What is SaaS white labeling and how to do it?

Depending on your online business, white labeling can turn out to be a fantastic business model. This applies especially when your target customers are actually customers who have their own customers, for example agencies, consultancies and client-oriented businesses.

In this case there is a real chance that adding support for white labeling in your product will improve your chances of attracting advanced users and position your product higher in the eyes of corporate customers (i.e. those who can pay top dollar).

But what exactly is white labeling?

White labeling means taking a blank product and slapping a label for another company on it.

It means other companies can take your (online, in this case) product and brand it as their own.

White labeled SaaS example

Let’s imagine you built a website performance tracker that makes reports of websites’ speed. On one hand, you have individual customers that use your service to track their own websites. On the other hand, there are many web performance consultancies and agencies who make a living tuning other people’s (i.e. their customers’) websites. To deliver reports, they have 3 options:

  1. Build their own website tracking solution. This is expensive to build, and expensive to maintain. Not all businesses are in a position to afford and maintain it.
  2. Use a 3rd party solution (like yours). Their clients will notice they are relying on an external service, which may impair their trust.
  3. Use a 3rd party solution (like yours), but brand it (white label) as their own. Their clients will think the reporting solution (which is actually yours, but branded differently) is an integral part of their service, which may make them look better in their clients’ eyes.

White labeling settings in SaaS

White labeling should be approached the same way as internationalization. The principle is the same. Configurations can be saved in asset folders or in a database, and conditionally shown depending on the user and their settings.

Here is an example of how we did these settings at Nightwatch.io:

White label (sub)domain

This is the entry point to a white labeled SaaS product.

Your customers who wish to offer your product branded as their own will want to customize its URL.

The DNS part is easy, usually solved with a CNAME record. Returning to our previous example, let’s suppose that your SaaS product URL is WebPerformanceTracking.com. Let’s suppose that one of your customers, who runs their consultancy at WebPerfCompany.com wants to white label your service and make it accessible at tracker.WebPerfCompany.com.

What you can do is set up a whitelabel.WebPerformanceTracking.com, point it to your server and instruct your customer to set up a CNAME record on their tracker.webperfcompany.com subdomain. This will route the requests to their white labeled service back to your server.

There’s a problem though

The described connection to your customer’s white labeled service is unsecure (non-https). Since browsers are complaining about it more and more, and you don’t want to break clients’s trust, it only makes sense to secure it.

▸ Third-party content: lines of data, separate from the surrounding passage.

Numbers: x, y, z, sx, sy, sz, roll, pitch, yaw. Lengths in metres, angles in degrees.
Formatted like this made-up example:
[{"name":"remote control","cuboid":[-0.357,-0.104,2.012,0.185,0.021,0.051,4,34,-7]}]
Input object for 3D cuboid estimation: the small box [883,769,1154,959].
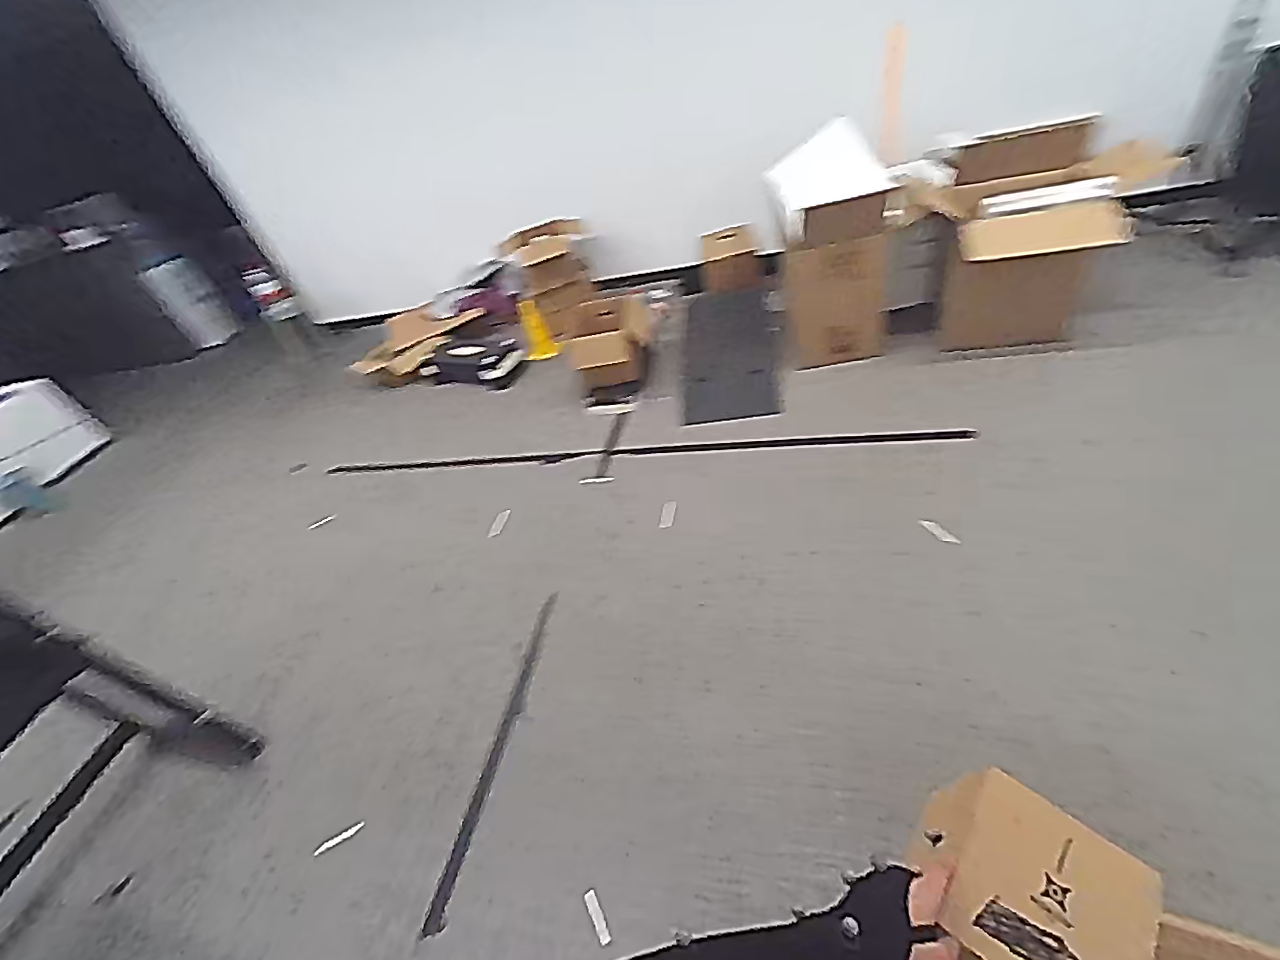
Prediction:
[{"name":"small box","cuboid":[0.384,0.455,0.575,0.168,0.176,0.179,30,56,23]}]

To make secure connections from your customers’ white labeled domains to your server, you have two options.

  1. Convince your customer to send you a cetificate for the white labeled domain and use it on your server. This is not really convenient nor desirable, because it’s a hard to maintain, hard to scale, needs a lot of support and it makes you a keeper of foreign certificate, which brings extra burderns.
  2. Use or build a proxying service with a middleware or CDN that creates Let’s Encrypt certificates on the fly.

If you want hassle free whitelabeling, then you want to go with option 2. Depending on your scale, you probably want to use a 3rd party solution for that.

How this usually works is that your customer still has to create a CNAME record, but there is an additional step you have to make. You have to report the white labeled domain to your selected proxying service via their API so they could setup the certificate in the background and do the necessary routing.

CloudFlare is probably the simplest service you can use to secure white labeled connections, but at the time of writing, it’s available only as a part of an expensive corporate plan. Alternatively, you can use CDN services, like Fly.io or Zeit to deploy a proxying app which responds to secure whitelabel connections and serves data from your origin server.

Final step

When you reached the stage where connections from white labeled domains are succesfully hitting your server, it’s time to write some application logic that matches a hostname against a white labeled account and decorates the requests with the info on which white labeled account it belongs to.

When you have this information for every request, you can easily use it inside your application interface to show white labeled branding, e.g. custom design, logos, emails, texts and other customly branded pieces of the app.